No -- just wondering why a temporary copy was used in that one function.
I can see in the other function that uses it, it does chnage the contents
of @bindings, but in that one function, it just uses it as-is, like so:

@@ -1025,6 +1026,8 @@
 
   return 0 unless (defined($self->{_dbh}));
 
+  my @bindings;
+
   # shortcut, will only update atime for the token if the atime is less than
   # what we are updating to
   my $sql = "UPDATE bayes_token
@@ -1033,9 +1036,10 @@
                 AND token = ?
                 AND atime < ?";
 
- -  my $rows = $self->{_dbh}->do($sql, undef, $atime, $self->{_userid},
- -			       $token, $atime);
+  @bindings = ($atime, $self->{_userid}, $token, $atime);
 
+  my $rows = $self->{_dbh}->do($sql, undef, @bindings);
+
   unless (defined($rows)) {
     dbg("bayes: tok_touch: SQL Error: ".$self->{_dbh}->errstr());
     return 0;


note that the assignment to @bindings comes immediately before its
only use in that fn, so it seems superfluous to use it there
instead of just 

   my $rows = $self->{_dbh}->do($sql, undef,
                $atime, $self->{_userid}, $token, $atime);

> > +	(my $unpacked_token, $raw_token) = split(/\s+/, $token, 2);
> > 
> > split (/ /, ...) would probably be faster, if you can make that assumption.
> > ditto in the @@ -1594,14 change.
> 
> The backup format has \t between the elements, however I've seen some
> unpack(H*) tokens with spaces at the end, so we need to check for 1 or
> more whitespaces.

ok.  shame ;)

- --j.
-----BEGIN PGP SIGNATURE-----
Version: GnuPG v1.2.4 (GNU/Linux)
Comment: Exmh CVS

iD8DBQFBGpCAQTcbUG5Y7woRAmQhAKCtlPyStdh0jSR3aPJAsKBq3DOf1gCgxDSc
FbN2/rGmsmR06ZD15FHCst4=
=vJfV
-----END PGP SIGNATURE-----

Comment 58 Michael Parker 2004-08-11 14:58:38 UTC
Created attachment 2238 [details]
Patch File

Fixes a bug when upgrading from a 2.64 database, was ignoring the
bayes_store_original_token setting.

Also removes the extra @bindings change in tok_touch since it isn't necessary.
Comment 59 Justin Mason 2004-08-11 15:33:14 UTC
+1
Comment 60 Daniel Quinlan 2004-08-11 23:15:53 UTC
Okay, I need to get this out.  This is excellent code.  I love the patch.

I have major concerns about adding this option, though:

1. In the best case (turned off) it slows down DBM Bayes by adding 3.3% more
   time. I don't really care about the extra time and space when it is turned
   on.  In many sites, it's not even possible for users to dump the Bayes
   database so this is pure overhead.  HAMMYTOKEN and SPAMMYTOKEN also work
   without it (although I should note I think we should drop those too).

2. It's another option to support.

3. I don't think it's needed.  We had a few questions when we released pre1 and
   before that, but I've gotten used to not looking and nobody really needs to
   look.

4. It complicates the code.

If we were a commercial project, there would be no bloody way this would go
into the code.  Seriously, only nosy technical people care and apparently not
for too long judging by the 3.0 experience so far.
Comment 61 Justin Mason 2004-08-11 23:21:20 UTC
I think leaving it out, removes functionality that a lot of people *do* expect.
we'd be pretty much the only bayes impl apart from dspam and CRM-114 (the n-gram
systems) that don't support dumping, in that case.

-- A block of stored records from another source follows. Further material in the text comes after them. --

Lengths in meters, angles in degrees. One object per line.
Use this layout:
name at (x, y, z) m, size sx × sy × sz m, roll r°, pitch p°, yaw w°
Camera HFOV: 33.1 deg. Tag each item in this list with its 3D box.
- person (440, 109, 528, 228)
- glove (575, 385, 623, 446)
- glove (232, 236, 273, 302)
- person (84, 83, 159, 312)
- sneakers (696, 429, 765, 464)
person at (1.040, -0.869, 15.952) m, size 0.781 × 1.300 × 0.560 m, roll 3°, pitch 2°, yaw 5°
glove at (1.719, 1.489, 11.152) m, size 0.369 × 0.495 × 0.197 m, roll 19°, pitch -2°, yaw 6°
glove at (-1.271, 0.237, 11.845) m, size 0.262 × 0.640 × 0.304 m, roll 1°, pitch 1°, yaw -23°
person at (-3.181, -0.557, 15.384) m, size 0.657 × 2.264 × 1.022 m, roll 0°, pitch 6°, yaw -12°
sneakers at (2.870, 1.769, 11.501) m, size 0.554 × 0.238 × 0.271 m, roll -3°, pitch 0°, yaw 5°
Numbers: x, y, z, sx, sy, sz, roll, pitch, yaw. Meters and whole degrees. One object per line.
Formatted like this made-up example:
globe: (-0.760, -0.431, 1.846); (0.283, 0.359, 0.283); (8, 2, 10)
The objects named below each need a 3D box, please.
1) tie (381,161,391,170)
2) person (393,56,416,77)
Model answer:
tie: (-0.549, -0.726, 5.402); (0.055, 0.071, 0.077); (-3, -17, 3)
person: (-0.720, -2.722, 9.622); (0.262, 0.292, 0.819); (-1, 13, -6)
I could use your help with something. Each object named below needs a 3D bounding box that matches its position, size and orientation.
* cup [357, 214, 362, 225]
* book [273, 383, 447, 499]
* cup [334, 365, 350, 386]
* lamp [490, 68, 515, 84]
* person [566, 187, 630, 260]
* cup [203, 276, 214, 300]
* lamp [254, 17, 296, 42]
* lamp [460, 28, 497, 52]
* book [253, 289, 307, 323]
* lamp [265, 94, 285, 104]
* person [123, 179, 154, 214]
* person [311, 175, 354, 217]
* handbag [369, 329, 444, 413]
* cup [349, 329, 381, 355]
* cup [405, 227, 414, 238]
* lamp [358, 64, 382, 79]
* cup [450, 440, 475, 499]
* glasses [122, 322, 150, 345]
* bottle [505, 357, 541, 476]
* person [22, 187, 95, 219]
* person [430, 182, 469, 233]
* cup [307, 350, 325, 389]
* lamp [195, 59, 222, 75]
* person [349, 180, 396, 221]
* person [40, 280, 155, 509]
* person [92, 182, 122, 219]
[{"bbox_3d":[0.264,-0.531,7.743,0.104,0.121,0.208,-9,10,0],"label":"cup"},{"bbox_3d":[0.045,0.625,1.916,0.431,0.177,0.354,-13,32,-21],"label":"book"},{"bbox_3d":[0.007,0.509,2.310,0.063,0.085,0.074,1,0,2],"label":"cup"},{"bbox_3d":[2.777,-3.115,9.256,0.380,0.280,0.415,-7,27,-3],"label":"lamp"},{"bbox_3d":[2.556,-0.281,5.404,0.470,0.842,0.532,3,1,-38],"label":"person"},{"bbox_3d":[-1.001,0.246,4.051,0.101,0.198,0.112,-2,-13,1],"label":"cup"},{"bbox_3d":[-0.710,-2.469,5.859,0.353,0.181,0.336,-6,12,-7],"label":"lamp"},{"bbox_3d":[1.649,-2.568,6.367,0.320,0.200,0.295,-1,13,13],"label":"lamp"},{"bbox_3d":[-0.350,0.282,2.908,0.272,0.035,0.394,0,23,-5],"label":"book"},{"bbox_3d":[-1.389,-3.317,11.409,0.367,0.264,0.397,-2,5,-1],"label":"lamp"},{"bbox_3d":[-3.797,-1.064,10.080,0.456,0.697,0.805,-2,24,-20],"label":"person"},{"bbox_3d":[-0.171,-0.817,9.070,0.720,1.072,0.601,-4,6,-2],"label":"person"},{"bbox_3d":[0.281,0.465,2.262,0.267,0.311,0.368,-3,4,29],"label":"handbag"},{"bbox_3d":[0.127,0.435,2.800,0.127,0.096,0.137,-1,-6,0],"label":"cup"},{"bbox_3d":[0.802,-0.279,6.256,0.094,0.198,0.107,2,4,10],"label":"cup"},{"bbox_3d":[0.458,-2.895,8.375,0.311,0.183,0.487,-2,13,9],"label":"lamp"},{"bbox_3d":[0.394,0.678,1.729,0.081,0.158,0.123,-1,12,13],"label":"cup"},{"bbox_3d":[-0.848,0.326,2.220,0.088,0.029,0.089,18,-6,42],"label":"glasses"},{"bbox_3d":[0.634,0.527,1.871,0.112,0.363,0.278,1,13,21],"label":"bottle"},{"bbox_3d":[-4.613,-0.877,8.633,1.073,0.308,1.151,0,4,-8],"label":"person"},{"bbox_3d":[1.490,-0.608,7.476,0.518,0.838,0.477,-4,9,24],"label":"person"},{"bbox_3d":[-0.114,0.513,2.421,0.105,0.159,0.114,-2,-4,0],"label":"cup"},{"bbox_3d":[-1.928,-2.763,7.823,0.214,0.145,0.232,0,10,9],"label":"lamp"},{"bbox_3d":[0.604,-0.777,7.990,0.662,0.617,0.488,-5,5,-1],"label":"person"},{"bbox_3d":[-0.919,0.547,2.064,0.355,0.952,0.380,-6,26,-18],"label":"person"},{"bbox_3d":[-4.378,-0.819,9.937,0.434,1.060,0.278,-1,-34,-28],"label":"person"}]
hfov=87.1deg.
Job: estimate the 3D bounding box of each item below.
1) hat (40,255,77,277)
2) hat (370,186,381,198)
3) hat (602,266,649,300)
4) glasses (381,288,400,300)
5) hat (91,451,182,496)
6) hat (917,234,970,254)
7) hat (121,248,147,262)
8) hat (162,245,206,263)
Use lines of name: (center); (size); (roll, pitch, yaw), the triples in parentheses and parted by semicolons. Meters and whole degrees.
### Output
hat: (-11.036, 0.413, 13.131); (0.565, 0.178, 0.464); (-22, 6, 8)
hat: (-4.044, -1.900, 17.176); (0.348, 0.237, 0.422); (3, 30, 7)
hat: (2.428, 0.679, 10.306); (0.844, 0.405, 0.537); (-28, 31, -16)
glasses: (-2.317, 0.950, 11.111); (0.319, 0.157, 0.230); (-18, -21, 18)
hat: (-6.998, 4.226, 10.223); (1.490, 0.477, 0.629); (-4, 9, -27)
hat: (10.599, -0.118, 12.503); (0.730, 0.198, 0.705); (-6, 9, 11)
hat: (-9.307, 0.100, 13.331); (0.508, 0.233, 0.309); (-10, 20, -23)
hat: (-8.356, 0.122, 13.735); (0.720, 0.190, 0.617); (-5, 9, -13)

However I could compromise by setting it off by default, and noting clearly in
the doco how to turn it on...
Comment 62 Theo Van Dinter 2004-08-11 23:49:33 UTC
Subject: Re:  [review] Bayes option to keep original token as db data (not key).

On Wed, Aug 11, 2004 at 11:21:22PM -0700, bugzilla-daemon@bugzilla.spamassassin.org wrote:
> I think leaving it out, removes functionality that a lot of people *do* expect.
> we'd be pretty much the only bayes impl apart from dspam and CRM-114 (the n-gram
> systems) that don't support dumping, in that case.

Well, that's not really true.  There are tons of Bayes-style filters out
there (how many MUAs have built-in Bayes-style filters?) which don't do
dumping.  If you compare us to other OSS projects, you could be right.
However, I do agree with Quinlan in that normal users won't care.
The more technial folks, or the folks who are more involved with things
like running sa-learn may care.

For example, I was upset when the hashing first went in, but then I
realized I have better things to do with my time than going through
the tokens in my Bayes DB.  The rest of the users on my box, however,
haven't said anything, leading me to think they don't ever look at the
dump output.

> However I could compromise by setting it off by default, and noting clearly in
> the doco how to turn it on...

The issue, though, is the performance penalty even with the setting off.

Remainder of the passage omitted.